We all know that eco-labels have gone haywire in the last few years. It seems like practically every product on the shelf supports some sort of green leaf telling you how environmentally friendly it is, but is it real or a bunch of bunk? Consumer Reports is helping us sort through the hype with a new iPhone app called Eco-Label.
The app is $0.99 on iTunes and probably will save you that much and more in headache medicine. It is essentially a mobile version of Greenerchoices.org, which provides independent reviews of common terms on labels and says which are meaningful or not.When you're in a store, you can search alphabetically or by product, and get information about what you're looking at on the shelf. You can also get a label "report card" that will tell you which labels are making truthful claims and which are full of, well, you know.

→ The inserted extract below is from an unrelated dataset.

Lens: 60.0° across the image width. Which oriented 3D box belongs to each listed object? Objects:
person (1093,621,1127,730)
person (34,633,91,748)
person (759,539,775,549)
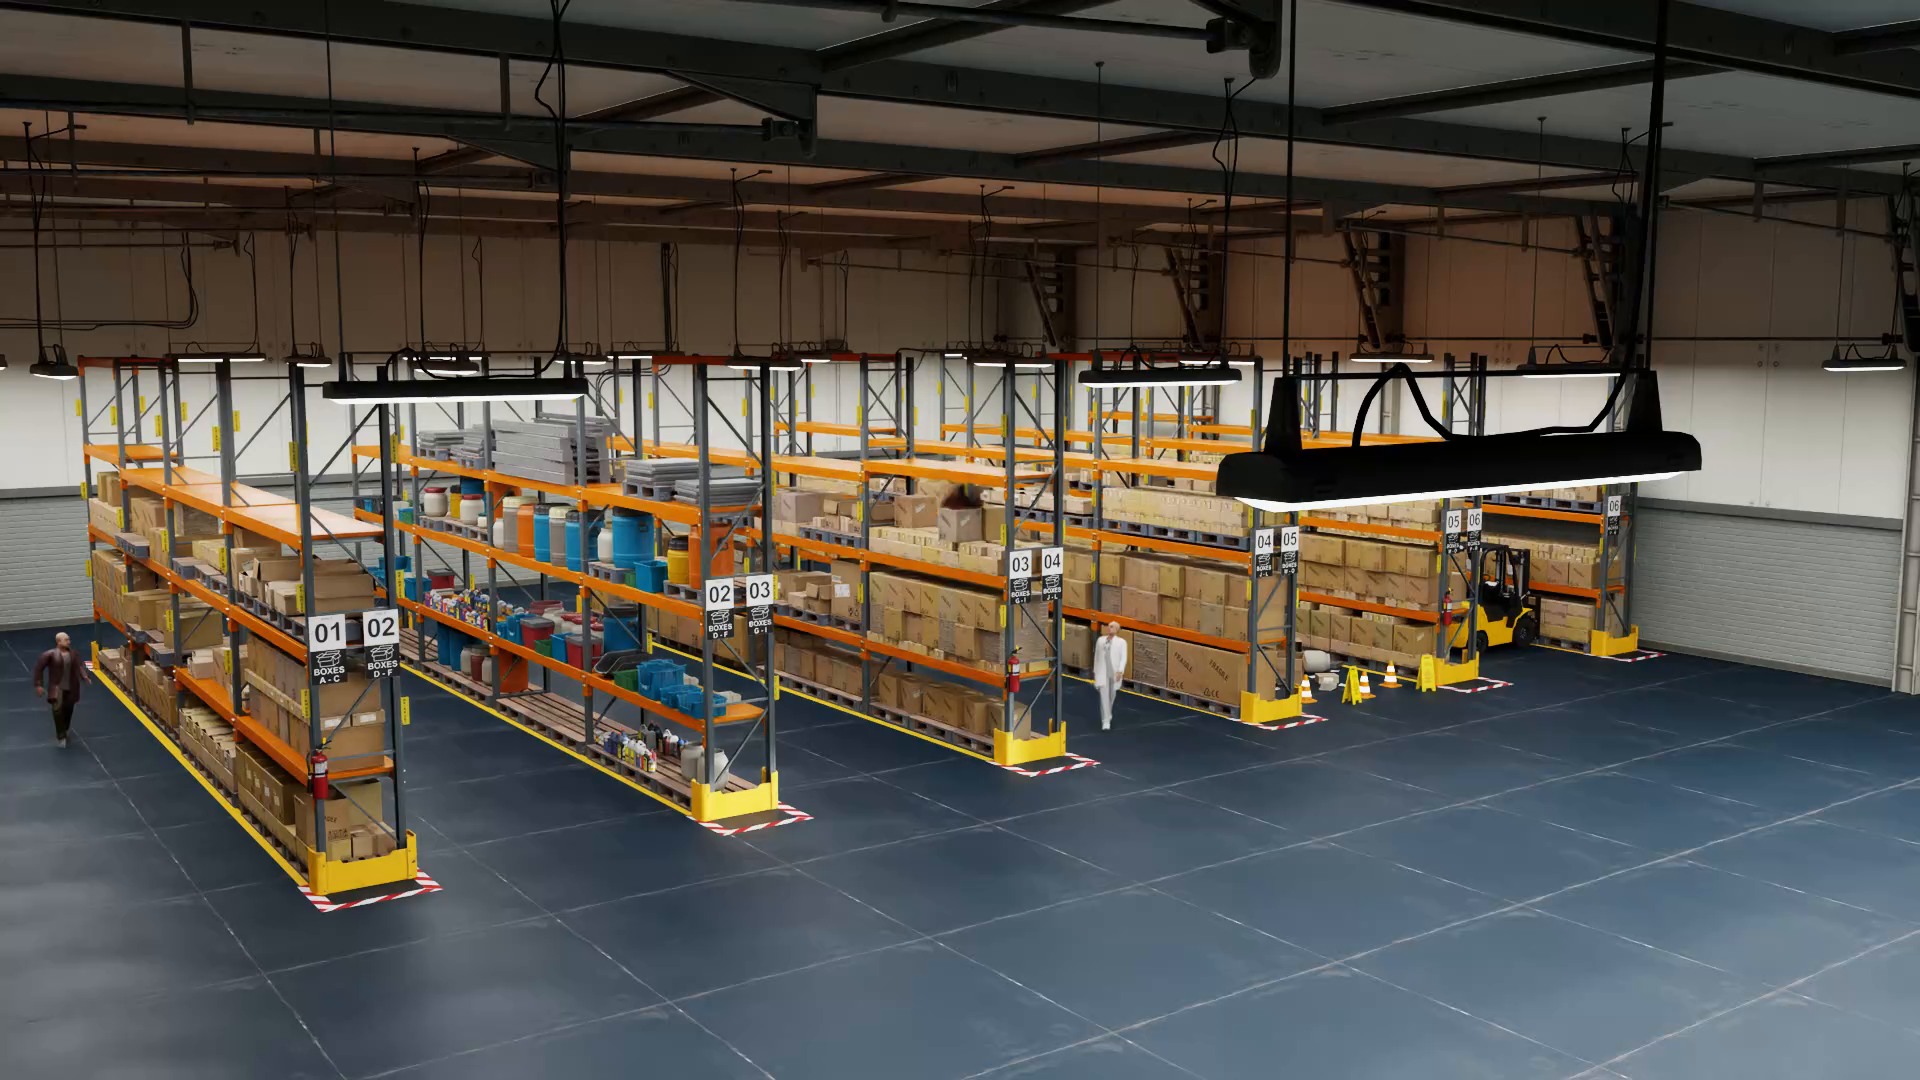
[{"bbox_3d":[2.437,2.187,27.108,0.558,1.704,1.139,-1,7,-9],"label":"person"},{"bbox_3d":[-14.097,2.349,26.114,0.761,1.814,0.936,-5,8,-35],"label":"person"},{"bbox_3d":[-4.827,0.452,41.573,0.915,1.673,0.613,-5,9,-35],"label":"person"}]

Consumer Reports writes, "The best labels are meaningful, verified, consistent, transparent, and independent. They are those that have been developed with broad public and industry input. General claims are those made voluntarily by the company and certified claims are generally those that have been approved by another certification group. While the term"organic" is highly meaningful on most foods, some products that claim to be such, like fish or fertilizers, do not have to meet the standards of the National Organic Program. Sustainable labels should address environmental, social and/or health concerns regarding products and production practices. Labels vary in breadth and depth of coverage, even very specific labels like "no growth promoters," can add value to the conventional baseline."
The short story is eco-labels have become a confusing overload of untrustworthy information, and an app like this -- or that of GoodGuide and other trusted non-profits and organizations -- can help you make sense of it all and make the best purchases.